Княжичу Ивану стало досадно, но делать нечего – приходилось ждать до завтра. Проходя мимо лотков для торговли готовыми изделиями, увидел он там серебряные серьги, кольца и кресты тельные. Внимательно осмотрел он все эти дешевые предметы для рынка и выбрал две пары серег одинаковых покрупнее, в виде круглых кольчиков с четырьмя подвесками золочеными, а одну пару поменьше – каждая серьга из трех шариков с позолотой решетчатой.
– Купи их мне, Васюк, – сказал он и, помедлив немного, добавил: – Хочу Ульянушке и Дуняхе подарить, а вот малые – Дарьюшке, а то она в медных ходит…
Данилка подбежал к ним со всех ног.
– Иванушка, – торопился он, – в сей вот часец кошель потоплять будут!
Готов ез-то! Рыбы – сила! Лещ, бают, в озеро пошел, когда еще ез ставили.
– Он, лещ-то, – вмешался Илейка, – к зиме глубину ищет, а пока еще жирует. Потом же всей силой в омутах спать заляжет.
– Идем, дядя Илья, – прервал его Данилка, – чернецы скорей иттить велели! Сила тамо леща-то, сила!
Пыл Данилки захватил всех. Побежал с княжичем и Сенька Полтинкин.
– И я прибегу, – крикнул им вслед сам Полтинка, – токмо лавку да кузницу на замки замкну!
На реке уж народ толпился против самого еза. Посредине же еза, что реку всю поперек перерезал, отверстие сделано аршина в два шириной, а за ним, против течения, тоже аршина на два отступя, опять ограждение из кольев и хвороста. Около ограждения этого рыбаки сидят в лодках и на веревках держат большое решето, из ивовых ветвей сплетенное, глубокое, и камни в него положены, чтобы на дно потонуть могло.
– Княжич, княжич! – закричали на берегу, снимая шапки и кланяясь.

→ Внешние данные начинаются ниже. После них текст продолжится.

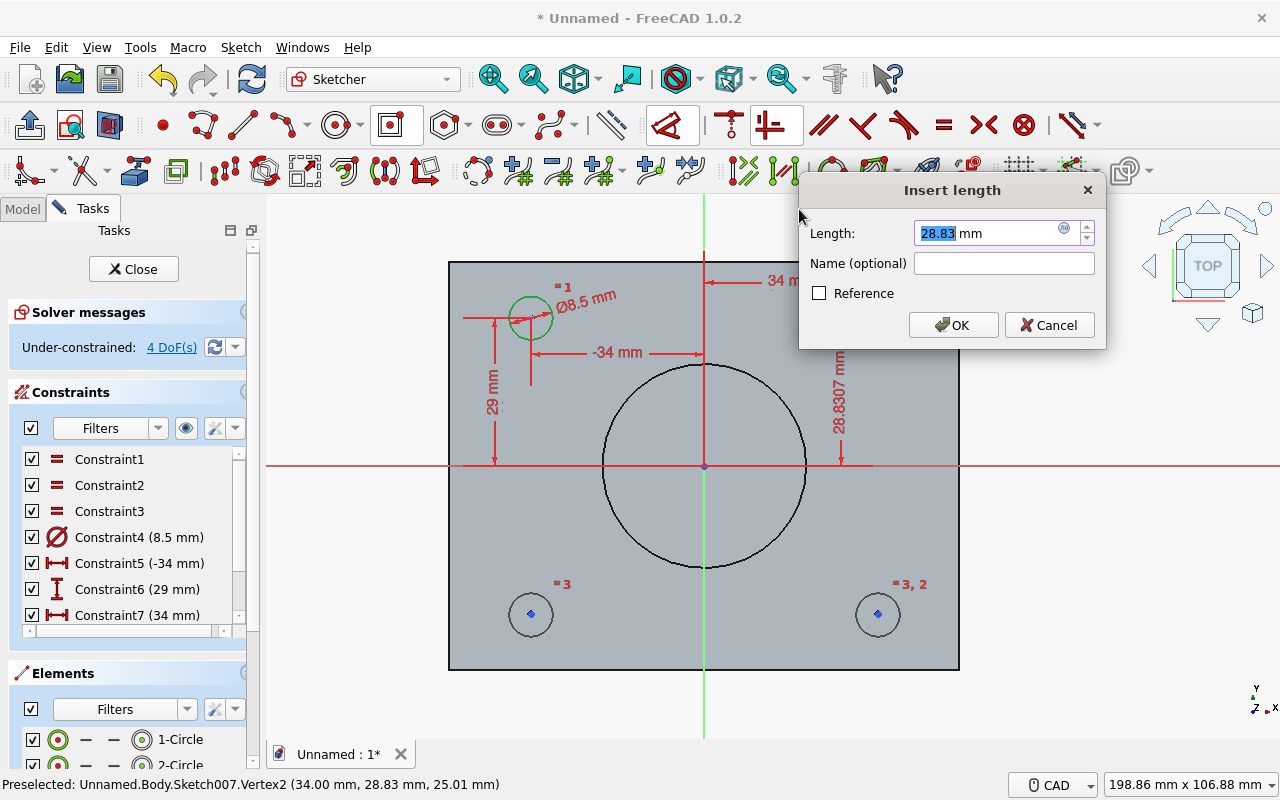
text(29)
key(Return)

Иван вместе с Васюком и Илейкой прошел к лодке и выехал на середину реки, к загороди, где был решетчатый кошель на веревках.
– Здорово, княжич! – встретил его монах и крикнул рыбакам: – Потопляй кошель!..
Рыбаки отпустили веревки, и кошель, сразу наполняясь водой, скрылся в глубине.
– Теперь слушай, Иванушка, – сказал Илейка княжичу, – когда зазвонит вон тот колокольчик. Как зазвонит, ну и тащи решето!
– А кто зазвонит-то?
– Рыба сама зазвонит, – хитро подмигивая, ответил Илейка.
Иван подумал, что старик смеется над ним, и брови нахмурил.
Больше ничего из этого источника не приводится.